For the material below, return exactly the lines starting at the line containing "- van <box>207,200,221,210</box>" and ending at the line containing "- car <box>0,216,64,280</box>", both ends included, and no others.

*** Opening of Supplied material ***

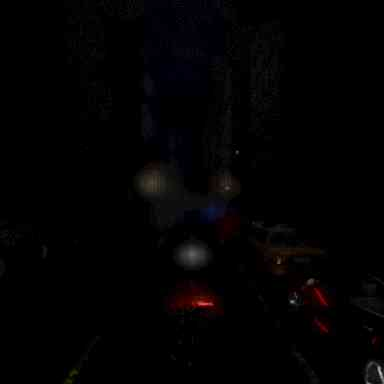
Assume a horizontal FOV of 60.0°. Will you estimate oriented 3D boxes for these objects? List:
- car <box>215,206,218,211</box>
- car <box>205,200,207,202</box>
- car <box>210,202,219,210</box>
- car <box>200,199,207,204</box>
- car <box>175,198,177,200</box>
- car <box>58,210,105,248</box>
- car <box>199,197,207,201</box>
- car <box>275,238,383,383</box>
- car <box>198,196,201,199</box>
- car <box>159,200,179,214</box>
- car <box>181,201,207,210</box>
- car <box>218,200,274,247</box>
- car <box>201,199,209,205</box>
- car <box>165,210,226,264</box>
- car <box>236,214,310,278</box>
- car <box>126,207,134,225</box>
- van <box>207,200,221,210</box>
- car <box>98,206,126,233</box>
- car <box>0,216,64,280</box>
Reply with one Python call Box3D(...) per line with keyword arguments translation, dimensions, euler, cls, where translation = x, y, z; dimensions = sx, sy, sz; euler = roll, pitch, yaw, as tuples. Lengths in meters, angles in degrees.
Box3D(translation=(2.681, 1.824, 21.496), dimensions=(1.802, 1.307, 4.206), euler=(1, -1, 0), cls="car")
Box3D(translation=(2.688, 1.958, 38.686), dimensions=(1.752, 1.417, 4.829), euler=(1, -1, 0), cls="car")
Box3D(translation=(2.684, 1.832, 27.340), dimensions=(1.752, 1.417, 4.829), euler=(1, -1, 0), cls="car")
Box3D(translation=(3.230, 2.566, 92.767), dimensions=(1.887, 1.381, 4.507), euler=(1, -1, 1), cls="car")
Box3D(translation=(-5.440, 2.471, 81.813), dimensions=(1.947, 1.339, 4.313), euler=(1, -1, 1), cls="car")
Box3D(translation=(-5.846, 1.745, 15.830), dimensions=(1.947, 1.339, 4.313), euler=(1, -1, 0), cls="car")
Box3D(translation=(3.013, 2.409, 76.177), dimensions=(1.947, 1.339, 4.313), euler=(1, -1, 1), cls="car")
Box3D(translation=(2.676, 1.618, 4.477), dimensions=(1.947, 1.339, 4.313), euler=(1, -1, 0), cls="car")
Box3D(translation=(3.158, 2.513, 87.237), dimensions=(2.008, 1.369, 4.403), euler=(1, -1, 1), cls="car")
Box3D(translation=(-3.029, 2.068, 41.805), dimensions=(1.895, 1.301, 4.718), euler=(0, -1, 1), cls="car")
Box3D(translation=(0.061, 1.798, 28.541), dimensions=(1.882, 1.535, 5.008), euler=(0, 0, 1), cls="car")
Box3D(translation=(2.682, 1.494, 15.827), dimensions=(2.192, 1.841, 5.009), euler=(1, -1, 0), cls="car")
Box3D(translation=(3.086, 2.447, 81.707), dimensions=(1.887, 1.381, 4.507), euler=(1, -1, 1), cls="car")
Box3D(translation=(0.046, 1.647, 12.396), dimensions=(1.837, 1.490, 4.892), euler=(0, 0, 1), cls="car")
Box3D(translation=(2.678, 1.643, 10.321), dimensions=(1.752, 1.417, 4.829), euler=(1, -1, 0), cls="car")
Box3D(translation=(-5.842, 1.850, 27.175), dimensions=(1.887, 1.381, 4.507), euler=(1, -1, 0), cls="car")
Box3D(translation=(2.688, 1.709, 32.845), dimensions=(1.690, 1.788, 3.998), euler=(1, -1, 0), cls="van")
Box3D(translation=(-5.844, 1.808, 21.503), dimensions=(1.947, 1.339, 4.313), euler=(1, -1, 0), cls="car")
Box3D(translation=(-5.847, 1.666, 10.158), dimensions=(2.008, 1.369, 4.403), euler=(1, -1, 0), cls="car")

*** Close of Supplied material ***

### Completed exercise
- van <box>207,200,221,210</box>
- car <box>98,206,126,233</box>
- car <box>0,216,64,280</box>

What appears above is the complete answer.